Wednesday, November 24, 2010

Pumpkin Cake

I never thought I would be using pumpkin so much! I got this recipe off my mum - its really easy and very moist and tasty. I made it for Thanksgiving Lunch as a Dessert.

2 cups flour
2 tsp baking powder
pinch of salt
1 tbs mixed spices (i used cinnamon, ginger and all spice with a dash of cloves)
3 eggs
1/1/2 cup sugar
1 1/2 cups canola oil
1 tsp vanilla
1 1/2 cups pureed pumpkin - I actually used the canned one here and its not that bad!

Sift first 4 ingredients together.
In another bowl, beat the eggs, sugar, oil and vanilla.
Add the pumpkin and beat some more.
Add the dry ingredients.

You can divide mixture in 2 pans or use one.
Bake at 350 for about 40 mins or until cake passes the toothpick test.
Let cool.

I used a cream cheese topping made this way:
8oz cream cheese ( a packet of Philly)
2 cups  icing (powdered) sugar
1/2 cup butter  (melt 1/4 cup until browned then pour it over the rest until all is melted)
Put all in a bowl and beat well

Cut cake in half and spread mixture on one piece, use the rest of the topping to cover the cake.
I also used some crushed walnuts as decoration.

The colour of the cake rather surprised me - its rather orange!!But looks great with the white topping!

Monday, November 22, 2010

Timpana - pastry covered maccaroni

This is a very popular Maltese dish - we would often eat it at Christmas or some other occasion. Its is a super carb dish so should be eaten in moderation! The addition of chicken livers really adds to the flavour - but can be omitted for the faint of heart! I would often make the pastry from scratch, using a semi-short recipe. I have come across some others that use puff pastry but that isn't strictly correct.

1.5 lb pastry
1.5 lb. macaroni
1 lb. minced meat(mixture of beef and pork)
4 oz. chicken livers
6 oz. crushed tomatoes
1 chopped onion
2 oz. grated Parmesan cheese
2 tbs tomato paste
1/4 pt. chicken or vegetable stock
2 hard boiled eggs(chopped)
1 aubergine, sliced very finely and fried or grilled.
4 eggs(beaten)
2 cloves of garlic
olive oil
salt and pepper

Fry the onion and garlic.
Add the meat and liver, fry until cooked.
Add the tomatoes and the tomato paste. Cook for a few seconds.
Slowly add the stock and simmer till the meat is tender.
(or you can make a bolognaise of your choice)

Boil the macaroni (al dente!) drain and cool.
Add the sauce, aubergine, cheese and hard boiled eggs and stir well.

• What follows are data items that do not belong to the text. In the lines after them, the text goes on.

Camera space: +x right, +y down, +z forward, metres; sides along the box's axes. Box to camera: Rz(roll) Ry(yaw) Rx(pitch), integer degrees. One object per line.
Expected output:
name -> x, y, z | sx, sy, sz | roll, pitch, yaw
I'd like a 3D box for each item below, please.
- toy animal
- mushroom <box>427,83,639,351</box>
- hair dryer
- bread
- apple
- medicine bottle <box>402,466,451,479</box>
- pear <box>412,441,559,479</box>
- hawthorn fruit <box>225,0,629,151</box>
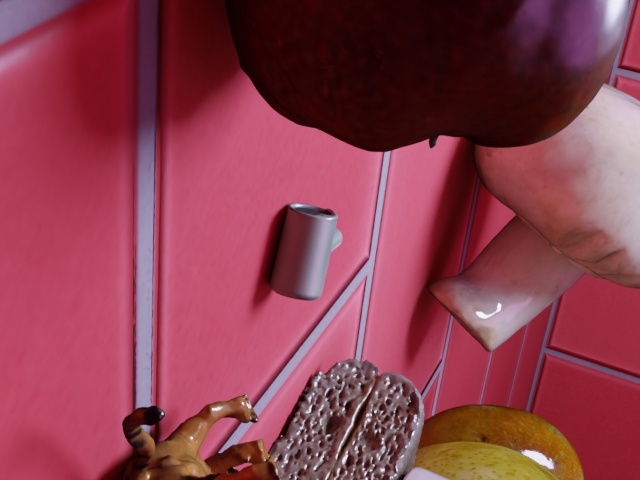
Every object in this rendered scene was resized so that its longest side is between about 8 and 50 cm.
toy animal -> -0.080, 0.145, 0.641 | 0.116, 0.114, 0.255 | -23, 142, -8
mushroom -> 0.290, -0.057, 1.268 | 0.315, 0.356, 0.315 | 168, -90, -75
hair dryer -> 0.000, 0.000, 0.815 | 0.124, 0.038, 0.063 | -34, 139, -72
bread -> -0.009, 0.267, 0.931 | 0.183, 0.102, 0.337 | 87, 28, -49
apple -> 0.215, 0.314, 1.449 | 0.207, 0.237, 0.236 | -127, -127, -82
medicine bottle -> 0.204, 0.306, 0.878 | 0.130, 0.341, 0.130 | -57, 161, -32
pear -> 0.139, 0.338, 1.112 | 0.304, 0.304, 0.303 | 18, 90, -73
hawthorn fruit -> 0.049, -0.166, 0.545 | 0.208, 0.208, 0.248 | -51, 141, -49
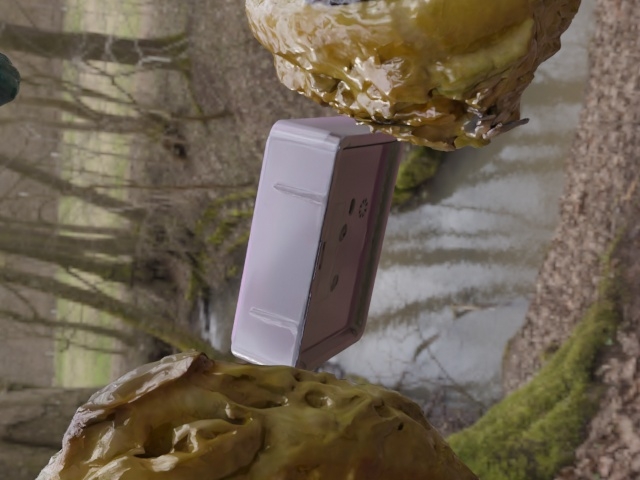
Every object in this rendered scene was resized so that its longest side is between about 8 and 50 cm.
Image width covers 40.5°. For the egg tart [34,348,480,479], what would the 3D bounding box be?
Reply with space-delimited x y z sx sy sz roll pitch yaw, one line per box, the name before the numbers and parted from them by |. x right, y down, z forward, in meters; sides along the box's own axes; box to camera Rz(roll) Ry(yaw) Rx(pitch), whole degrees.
egg tart | -0.039 0.219 0.419 0.129 0.341 0.341 0 86 59

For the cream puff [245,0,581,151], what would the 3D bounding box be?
cream puff | 0.052 -0.125 0.456 0.189 0.189 0.129 -104 1 -47

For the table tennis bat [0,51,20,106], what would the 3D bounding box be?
table tennis bat | -0.268 -0.057 0.518 0.033 0.201 0.124 67 -170 24

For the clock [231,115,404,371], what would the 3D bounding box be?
clock | 0.000 0.000 0.716 0.150 0.063 0.197 -20 -56 -63
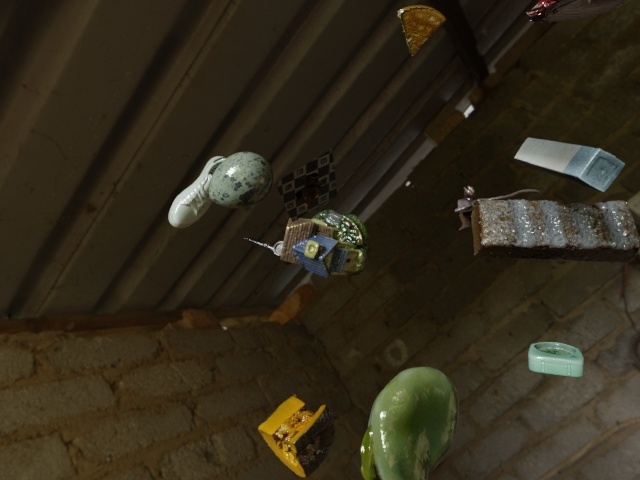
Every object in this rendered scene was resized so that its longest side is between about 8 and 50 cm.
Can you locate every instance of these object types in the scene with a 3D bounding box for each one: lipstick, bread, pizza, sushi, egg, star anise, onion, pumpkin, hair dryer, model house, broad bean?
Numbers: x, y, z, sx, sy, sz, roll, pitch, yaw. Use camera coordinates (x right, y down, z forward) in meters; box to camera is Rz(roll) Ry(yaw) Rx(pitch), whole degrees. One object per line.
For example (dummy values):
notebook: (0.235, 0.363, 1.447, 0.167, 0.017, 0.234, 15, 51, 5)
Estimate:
lipstick: (0.548, -0.182, 0.951, 0.068, 0.066, 0.317, -61, 6, 17)
bread: (0.636, -0.029, 1.151, 0.417, 0.165, 0.113, 1, -33, 4)
pizza: (0.378, -0.790, 1.573, 0.185, 0.036, 0.176, -5, -52, -2)
sushi: (-0.042, -0.170, 1.257, 0.193, 0.040, 0.210, -33, -31, -11)
egg: (-0.199, -0.146, 1.035, 0.172, 0.132, 0.132, -27, -24, 11)
star anise: (0.562, -0.108, 1.323, 0.218, 0.227, 0.148, -36, -57, -49)
onion: (0.672, -0.651, 1.068, 0.284, 0.120, 0.227, -11, 2, 9)
pumpkin: (-0.067, 0.483, 1.087, 0.139, 0.190, 0.280, -36, -39, -30)
hair dryer: (-0.242, 0.033, 1.921, 0.070, 0.255, 0.128, -63, -24, -18)
model house: (0.000, 0.000, 1.685, 0.266, 0.321, 0.261, 3, -77, -49)
broad bean: (0.155, 0.330, 0.733, 0.228, 0.169, 0.100, -39, 8, -24)

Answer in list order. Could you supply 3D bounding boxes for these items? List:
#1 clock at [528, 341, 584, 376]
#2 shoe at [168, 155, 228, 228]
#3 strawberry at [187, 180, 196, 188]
clock: (0.800, 0.394, 1.416, 0.211, 0.159, 0.066, -9, -82, -60)
shoe: (-0.472, -0.199, 1.706, 0.132, 0.160, 0.363, 41, -110, -29)
strawberry: (-0.584, -0.214, 1.962, 0.145, 0.145, 0.086, -41, -28, 2)
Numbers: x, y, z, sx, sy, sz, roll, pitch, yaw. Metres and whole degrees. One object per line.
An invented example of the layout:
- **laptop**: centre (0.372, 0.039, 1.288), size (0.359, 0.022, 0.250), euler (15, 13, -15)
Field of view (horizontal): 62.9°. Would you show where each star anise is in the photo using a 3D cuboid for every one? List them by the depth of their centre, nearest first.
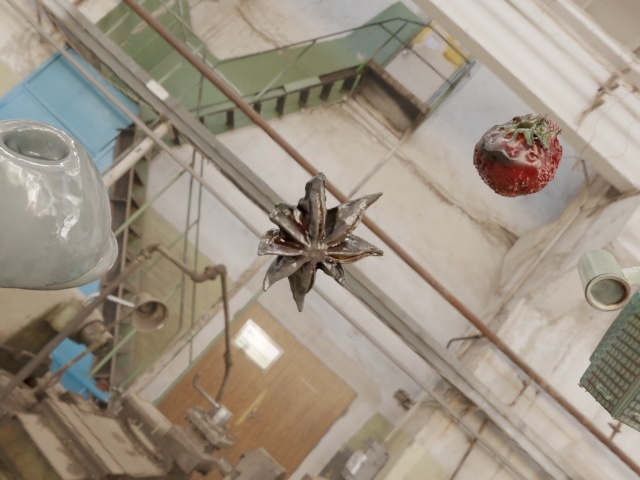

Roll the pastry , not too thick, and put into a greased dish with enough over the edges to cover the top
Pour the mixture and cover with the pastry.
Brush the top with beaten egg
Cook in a moderate to hot oven.

You could also just put the pastry on top, to minimize the carbs (ha ha ha) but the real recipe calls for the pasta to be completely wrapped in the pastry.

Friday, November 19, 2010

Omelette Souffle

The telegraph on line has some of the best recipes.

Check out their site here. I couldn't resist this recipe - it takes the humble omelette  and turns it into a souffle


  • 2-3 eggs (per person)
  •  filling of your choice i.e cheese and onion or mushroom


  • Seperate the egg yolks. 

    Whisk the egg whites until stiff like a meringue mix. 

    Fold in the yolks just before cooking.

    If the filling includes onion or mushroom, saute in a small knob of lard for a few minutes before adding the omelette mix on top.

    If using grated cheese, sprinkle on top.

    Turn only once if possible, folding over in half and cooking slowly to dry out the mixture.

    I find it better to make one at a time as the whites will become watery whilst cooking the first, reducing the light, fluffy texture.

Thursday, November 18, 2010

Swordfish with capers

I found this recipe on Saveur and had to post it here.
Its very typical of the way we make swordfish in malta.
Here is the recipe:

4 swordfish steaks (about 6 oz. each 
   and 3/8" thick), skin removed

Kosher salt and freshly ground black 
   pepper, to taste

1/4 cup extra-virgin olive oil
2 cloves garlic, thinly sliced
2 cups whole peeled canned tomatoes, 
   drained and minced

1/2 cup large green olives, such as 
   cerignola, pitted and roughly 

3 tbsp. salt-packed capers, soaked 
   and drained

1/4 tsp. crushed red chile flakes
2 tbsp. roughly chopped flat-leaf 

1 tbsp. fresh lemon juice

1. Season swordfish with salt and pepper. Heat oil in a 12" skillet over high heat. Working in two batches, add swordfish and cook, flipping once, until golden brown and medium rare, about 3 minutes. Transfer swordfish to a plate, leaving oil in skillet.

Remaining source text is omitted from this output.